> [WHAT IS EXPECTED]:
Extract the run of lines that starts at the top of the records below and ends at the line with "18) game cartridge at [279, 145, 479, 335]", keeping both ends and excluding pictures.

> [DATA TO USE]:
= = = = =

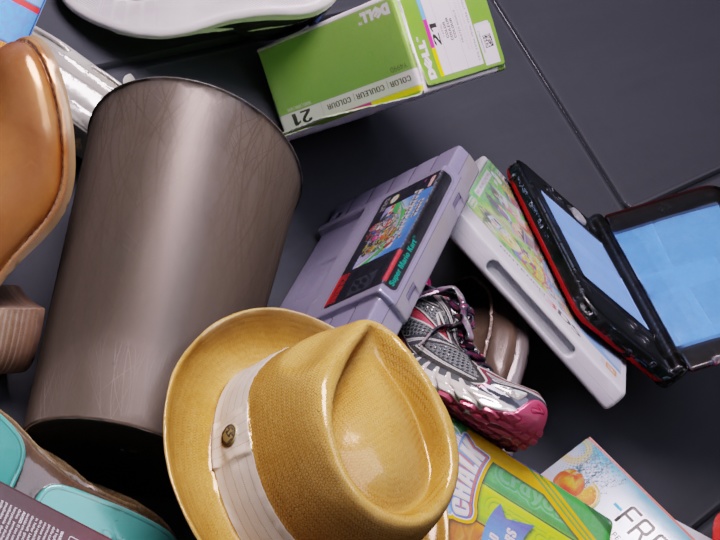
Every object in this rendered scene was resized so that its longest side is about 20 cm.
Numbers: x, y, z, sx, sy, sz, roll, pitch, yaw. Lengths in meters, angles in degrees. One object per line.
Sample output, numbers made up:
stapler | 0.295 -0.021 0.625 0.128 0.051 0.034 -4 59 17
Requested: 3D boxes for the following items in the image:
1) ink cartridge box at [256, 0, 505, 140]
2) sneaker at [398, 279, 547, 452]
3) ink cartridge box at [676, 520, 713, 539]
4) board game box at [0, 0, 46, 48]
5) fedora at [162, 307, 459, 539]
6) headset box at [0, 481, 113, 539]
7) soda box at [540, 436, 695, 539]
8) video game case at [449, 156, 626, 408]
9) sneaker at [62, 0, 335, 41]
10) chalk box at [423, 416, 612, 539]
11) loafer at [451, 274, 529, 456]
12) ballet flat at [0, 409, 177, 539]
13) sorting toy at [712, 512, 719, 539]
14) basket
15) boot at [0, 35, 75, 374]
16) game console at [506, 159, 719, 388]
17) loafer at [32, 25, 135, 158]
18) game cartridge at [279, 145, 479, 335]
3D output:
ink cartridge box | -0.016 -0.142 1.031 0.200 0.147 0.076 -23 97 -46
sneaker | 0.053 0.049 0.941 0.075 0.200 0.081 -49 129 -5
ink cartridge box | 0.222 0.272 1.041 0.199 0.043 0.197 27 48 -21
board game box | -0.275 -0.129 0.831 0.151 0.037 0.201 25 80 -25
fedora | -0.007 0.092 0.758 0.200 0.082 0.201 27 42 -27
headset box | -0.147 0.183 0.711 0.200 0.149 0.077 31 58 -19
soda box | 0.194 0.205 0.952 0.063 0.069 0.200 -34 52 -13
video game case | 0.137 0.002 1.105 0.182 0.022 0.200 48 17 -3
sneaker | -0.115 -0.195 1.059 0.199 0.112 0.073 0 87 -4
chalk box | 0.037 0.176 0.891 0.200 0.124 0.125 33 45 -18
loafer | 0.070 0.080 1.019 0.071 0.073 0.201 25 48 -24
ballet flat | -0.188 0.120 0.780 0.200 0.072 0.068 33 63 -19
sorting toy | 0.321 0.272 1.069 0.200 0.069 0.199 54 35 -24
basket | -0.118 0.021 0.856 0.135 0.181 0.201 9 62 2
boot | -0.245 -0.036 0.788 0.155 0.077 0.201 4 104 -38
game console | 0.228 -0.020 1.134 0.172 0.119 0.200 36 21 -34
loafer | -0.157 -0.097 0.952 0.200 0.070 0.070 32 55 -18
game cartridge | 0.000 0.000 0.973 0.038 0.129 0.200 46 43 -16
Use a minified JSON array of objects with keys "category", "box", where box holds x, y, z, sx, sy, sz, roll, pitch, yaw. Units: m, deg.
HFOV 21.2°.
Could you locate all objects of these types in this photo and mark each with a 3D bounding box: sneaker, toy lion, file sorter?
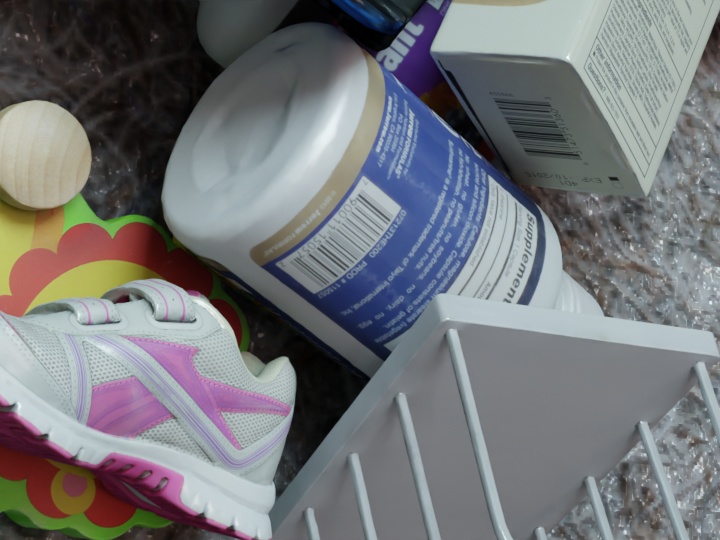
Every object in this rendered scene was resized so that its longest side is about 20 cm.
[{"category":"sneaker","box":[-0.104,0.040,0.788,0.199,0.081,0.089,32,72,-41]},{"category":"toy lion","box":[-0.147,0.041,0.830,0.200,0.068,0.193,-39,107,-29]},{"category":"file sorter","box":[0.059,0.125,0.821,0.138,0.200,0.125,7,49,-27]}]

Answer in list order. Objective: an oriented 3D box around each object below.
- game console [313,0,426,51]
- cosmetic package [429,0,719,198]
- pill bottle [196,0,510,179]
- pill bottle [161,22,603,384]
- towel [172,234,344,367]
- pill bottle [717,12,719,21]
[{"category":"game console","box":[-0.036,-0.193,0.786,0.199,0.118,0.171,39,66,-1]},{"category":"cosmetic package","box":[0.113,-0.144,0.848,0.105,0.071,0.201,52,55,-47]},{"category":"pill bottle","box":[-0.007,-0.122,0.905,0.199,0.111,0.112,35,66,-18]},{"category":"pill bottle","box":[0.018,-0.008,0.843,0.200,0.110,0.112,38,64,-33]},{"category":"towel","box":[0.000,0.000,0.911,0.200,0.018,0.087,38,64,-33]},{"category":"pill bottle","box":[0.180,-0.191,1.021,0.198,0.112,0.113,5,78,-28]}]
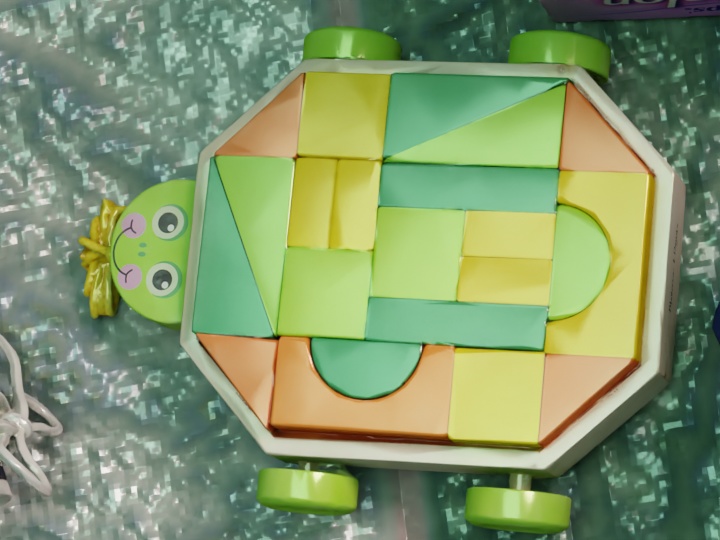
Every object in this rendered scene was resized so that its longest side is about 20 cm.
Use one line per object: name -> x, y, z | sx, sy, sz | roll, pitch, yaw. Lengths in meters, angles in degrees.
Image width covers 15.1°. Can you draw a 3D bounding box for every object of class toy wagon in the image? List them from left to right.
toy wagon -> 0.000, 0.000, 0.860 | 0.200, 0.040, 0.155 | 3, 80, 16

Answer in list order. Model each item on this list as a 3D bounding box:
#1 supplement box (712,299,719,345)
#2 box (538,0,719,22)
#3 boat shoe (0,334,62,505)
supplement box -> 0.183, 0.040, 0.705 | 0.109, 0.110, 0.200 | -1, 42, -16
box -> 0.120, -0.146, 0.771 | 0.176, 0.200, 0.097 | -2, 78, 16
boat shoe -> -0.135, 0.058, 0.868 | 0.086, 0.075, 0.202 | 5, 83, 17
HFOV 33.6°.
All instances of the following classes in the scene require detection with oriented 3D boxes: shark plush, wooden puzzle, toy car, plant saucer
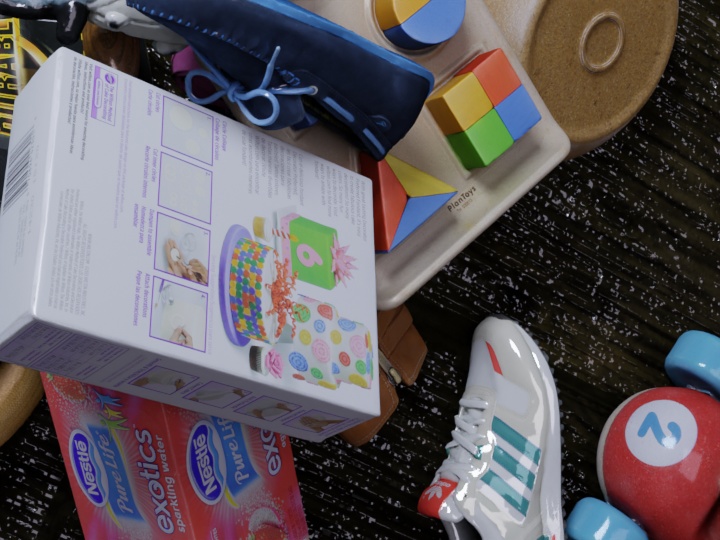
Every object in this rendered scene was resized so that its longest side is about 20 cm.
[{"bbox_3d":[-0.110,-0.157,0.664,0.198,0.092,0.084,-24,54,-14],"label":"shark plush"},{"bbox_3d":[0.024,-0.107,0.736,0.185,0.046,0.201,-40,101,-18],"label":"wooden puzzle"},{"bbox_3d":[0.274,0.157,0.819,0.176,0.200,0.185,40,75,-13],"label":"toy car"},{"bbox_3d":[0.159,-0.164,0.834,0.198,0.035,0.203,-17,122,-28],"label":"plant saucer"}]

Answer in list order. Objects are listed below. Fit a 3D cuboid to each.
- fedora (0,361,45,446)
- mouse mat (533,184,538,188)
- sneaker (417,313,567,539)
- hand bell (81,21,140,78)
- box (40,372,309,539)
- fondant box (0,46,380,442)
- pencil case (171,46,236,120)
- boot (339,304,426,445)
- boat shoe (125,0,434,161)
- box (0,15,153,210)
[{"bbox_3d":[-0.274,0.030,0.696,0.197,0.082,0.204,1,86,-14],"label":"fedora"},{"bbox_3d":[0.063,-0.162,0.867,0.158,0.008,0.204,2,85,-20],"label":"mouse mat"},{"bbox_3d":[0.085,0.134,0.822,0.092,0.070,0.203,-5,91,-26],"label":"sneaker"},{"bbox_3d":[-0.155,-0.186,0.704,0.102,0.104,0.203,-4,66,-19],"label":"hand bell"},{"bbox_3d":[-0.110,0.097,0.698,0.094,0.101,0.203,-31,117,-50],"label":"box"},{"bbox_3d":[-0.082,-0.006,0.609,0.198,0.058,0.146,20,55,-34],"label":"fondant box"},{"bbox_3d":[-0.069,-0.205,0.782,0.092,0.091,0.204,9,82,-17],"label":"pencil case"},{"bbox_3d":[0.000,0.000,0.795,0.155,0.076,0.201,45,62,-20],"label":"boot"},{"bbox_3d":[-0.037,-0.103,0.626,0.198,0.084,0.069,17,102,-37],"label":"boat shoe"},{"bbox_3d":[-0.201,-0.101,0.693,0.157,0.050,0.202,2,54,-25],"label":"box"}]
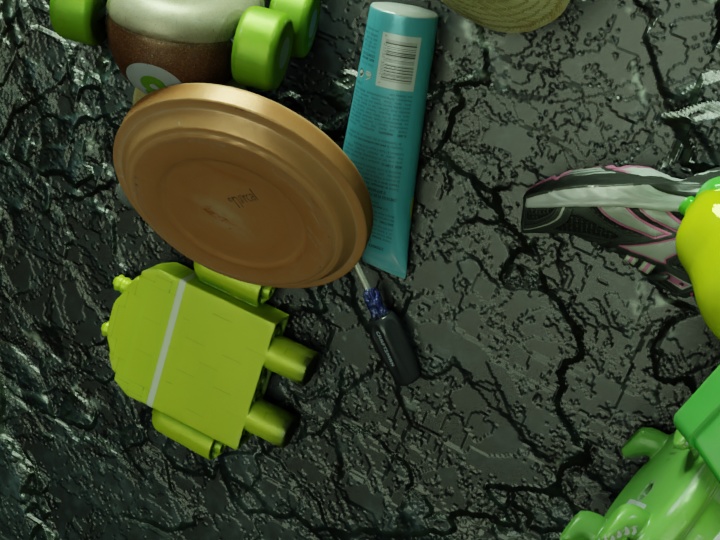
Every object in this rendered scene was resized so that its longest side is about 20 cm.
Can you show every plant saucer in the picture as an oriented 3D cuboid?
[{"bbox_3d":[-0.089,-0.050,0.744,0.198,0.033,0.201,13,145,10],"label":"plant saucer"}]

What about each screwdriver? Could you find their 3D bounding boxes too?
[{"bbox_3d":[0.000,0.000,0.795,0.029,0.028,0.202,7,123,64],"label":"screwdriver"}]

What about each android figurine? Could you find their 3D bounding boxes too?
[{"bbox_3d":[-0.135,0.070,0.871,0.198,0.041,0.184,22,109,15],"label":"android figurine"}]

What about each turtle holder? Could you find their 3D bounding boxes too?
[{"bbox_3d":[0.241,0.171,0.705,0.131,0.186,0.141,40,145,6],"label":"turtle holder"}]

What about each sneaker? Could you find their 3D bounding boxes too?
[{"bbox_3d":[0.205,-0.023,0.695,0.198,0.080,0.087,3,104,22],"label":"sneaker"}]

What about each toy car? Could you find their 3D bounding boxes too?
[{"bbox_3d":[-0.134,-0.126,0.777,0.162,0.158,0.202,15,120,6],"label":"toy car"}]

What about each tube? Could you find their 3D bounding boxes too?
[{"bbox_3d":[0.017,-0.097,0.772,0.077,0.050,0.202,22,115,26],"label":"tube"}]

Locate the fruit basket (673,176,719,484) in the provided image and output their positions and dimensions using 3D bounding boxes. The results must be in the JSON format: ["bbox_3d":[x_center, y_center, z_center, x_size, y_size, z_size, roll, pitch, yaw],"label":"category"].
[{"bbox_3d":[0.272,0.034,0.593,0.154,0.216,0.218,10,109,-15],"label":"fruit basket"}]

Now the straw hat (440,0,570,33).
[{"bbox_3d":[0.039,-0.223,0.650,0.201,0.085,0.202,44,155,26],"label":"straw hat"}]
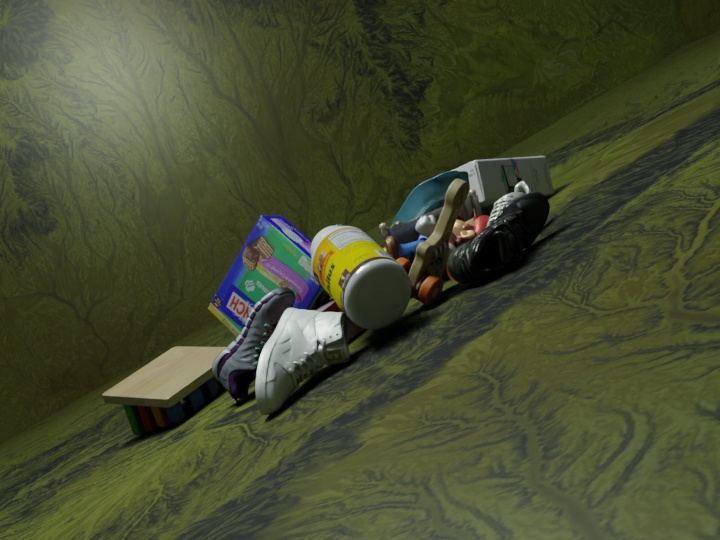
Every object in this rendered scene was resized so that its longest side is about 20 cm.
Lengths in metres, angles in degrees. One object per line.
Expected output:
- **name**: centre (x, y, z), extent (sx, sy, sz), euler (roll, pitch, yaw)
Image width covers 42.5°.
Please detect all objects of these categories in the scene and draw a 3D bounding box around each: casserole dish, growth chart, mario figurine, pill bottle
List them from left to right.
- **pill bottle**: centre (-0.008, 0.002, 1.418), extent (0.108, 0.110, 0.200), euler (-29, 31, -10)
- **growth chart**: centre (0.128, -0.081, 1.645), extent (0.197, 0.018, 0.145), euler (-22, -23, -6)
- **casserole dish**: centre (0.131, -0.112, 1.669), extent (0.119, 0.039, 0.200), euler (-16, -19, -24)
- **mario figurine**: centre (0.134, -0.065, 1.599), extent (0.196, 0.108, 0.124), euler (-14, 22, -8)

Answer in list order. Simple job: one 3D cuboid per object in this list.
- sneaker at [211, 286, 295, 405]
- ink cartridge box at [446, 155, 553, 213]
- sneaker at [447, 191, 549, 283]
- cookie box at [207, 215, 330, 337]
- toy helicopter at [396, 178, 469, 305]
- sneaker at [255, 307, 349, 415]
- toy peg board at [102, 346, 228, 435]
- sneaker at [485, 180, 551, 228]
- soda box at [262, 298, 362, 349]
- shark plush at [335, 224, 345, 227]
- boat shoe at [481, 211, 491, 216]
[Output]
- **sneaker**: centre (-0.158, 0.124, 1.507), extent (0.074, 0.088, 0.201), euler (19, -66, -48)
- **ink cartridge box**: centre (0.264, -0.166, 1.856), extent (0.197, 0.086, 0.144), euler (-8, -7, -35)
- **sneaker**: centre (0.231, -0.052, 1.398), extent (0.198, 0.077, 0.114), euler (-35, 9, -20)
- **cookie box**: centre (-0.146, 0.036, 1.596), extent (0.202, 0.171, 0.075), euler (-58, -23, 17)
- **toy helicopter**: centre (0.130, -0.046, 1.453), extent (0.132, 0.078, 0.203), euler (-5, -61, -58)
- **sneaker**: centre (-0.075, 0.126, 1.337), extent (0.113, 0.075, 0.201), euler (-1, 40, 17)
- **toy peg board**: centre (-0.345, 0.234, 1.763), extent (0.197, 0.099, 0.199), euler (-3, 22, 39)
- **sneaker**: centre (0.241, -0.078, 1.533), extent (0.076, 0.081, 0.200), euler (-21, 11, 41)
- **soda box**: centre (-0.064, 0.102, 1.508), extent (0.063, 0.071, 0.199), euler (-26, 6, 46)
- **shark plush**: centre (0.000, 0.000, 1.669), extent (0.091, 0.083, 0.200), euler (-39, -35, -3)
- **boat shoe**: centre (0.216, -0.084, 1.795), extent (0.199, 0.061, 0.073), euler (-34, 7, -39)

= = = = =

> [OUTPUT]:
Every object in this rendered scene was resized so that its longest side is about 20 cm.
Numbers: x, y, z, sx, sy, sz, roll, pitch, yaw. Lengths in meters, angles in degrees. One object per line.
Sample output, numbers made up:
stapler | 0.295 -0.021 0.625 0.128 0.051 0.034 -4 59 17
Requested: 3D boxes for the following items in the image:
1) ink cartridge box at [256, 0, 505, 140]
2) sneaker at [398, 279, 547, 452]
3) ink cartridge box at [676, 520, 713, 539]
4) board game box at [0, 0, 46, 48]
5) fedora at [162, 307, 459, 539]
6) headset box at [0, 481, 113, 539]
7) soda box at [540, 436, 695, 539]
8) video game case at [449, 156, 626, 408]
9) sneaker at [62, 0, 335, 41]
10) chalk box at [423, 416, 612, 539]
11) loafer at [451, 274, 529, 456]
12) ballet flat at [0, 409, 177, 539]
13) sorting toy at [712, 512, 719, 539]
14) basket
15) boot at [0, 35, 75, 374]
16) game console at [506, 159, 719, 388]
17) loafer at [32, 25, 135, 158]
18) game cartridge at [279, 145, 479, 335]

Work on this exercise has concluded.